EXERCISE: Go through the listing and return every line with "whole" in it.

GIVEN RECORDS:
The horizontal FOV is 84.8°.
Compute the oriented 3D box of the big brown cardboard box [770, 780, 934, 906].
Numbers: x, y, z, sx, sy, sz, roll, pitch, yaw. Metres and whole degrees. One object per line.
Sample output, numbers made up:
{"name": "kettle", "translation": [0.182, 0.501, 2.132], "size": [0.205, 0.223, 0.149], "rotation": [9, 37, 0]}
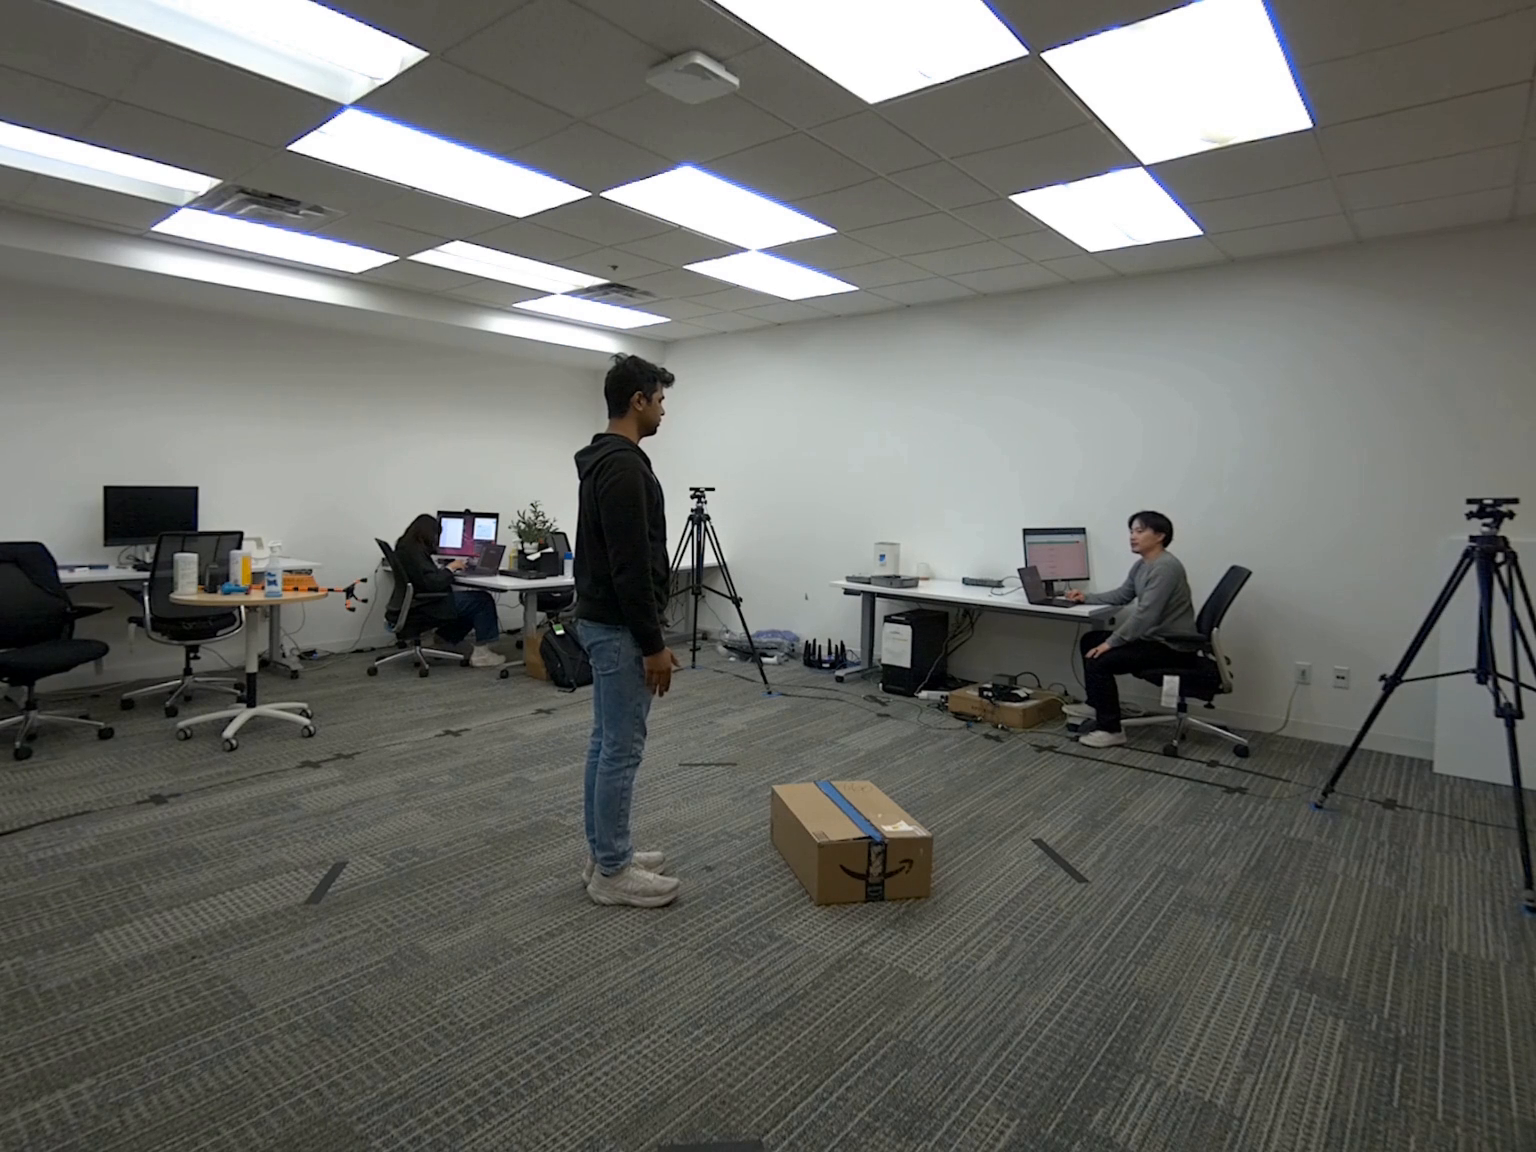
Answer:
{"name": "big brown cardboard box", "translation": [0.280, 0.960, 3.144], "size": [0.411, 0.232, 0.600], "rotation": [0, 4, -15]}
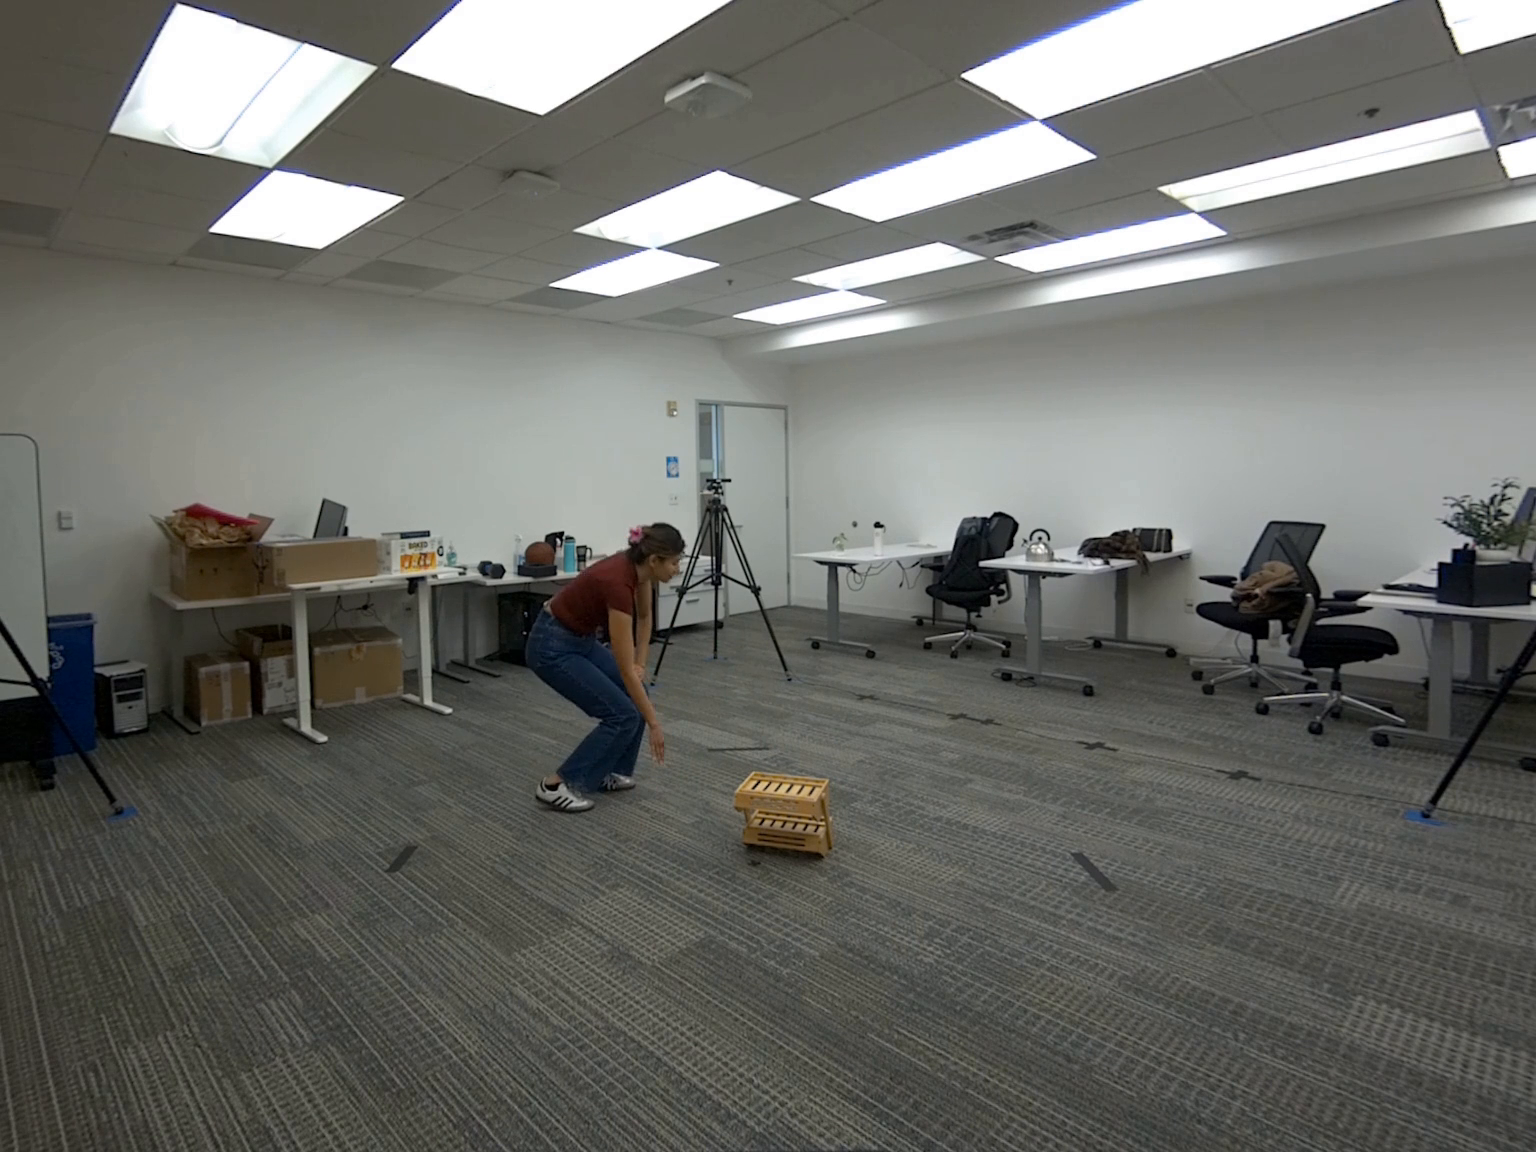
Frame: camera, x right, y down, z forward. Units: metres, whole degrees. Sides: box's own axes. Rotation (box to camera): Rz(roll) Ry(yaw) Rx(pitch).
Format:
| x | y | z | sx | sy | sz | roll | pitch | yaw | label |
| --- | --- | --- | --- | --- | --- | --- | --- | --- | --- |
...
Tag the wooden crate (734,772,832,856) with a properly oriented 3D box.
| x | y | z | sx | sy | sz | roll | pitch | yaw | label |
| --- | --- | --- | --- | --- | --- | --- | --- | --- | --- |
| 0.063 | 0.905 | 3.185 | 0.330 | 0.272 | 0.298 | 1 | 6 | 18 | wooden crate |

RESPONSE AREA:
Numbers: x, y, z, sx, sy, sz, roll, pitch, yaw. Metres and whole degrees. One object per line.
Frame: camera, x right, y down, z forward. Units: metres, whole degrees. Sides: box's own axes. Rotation (box to camera): Rz(roll) Ry(yaw) Rx(pitch).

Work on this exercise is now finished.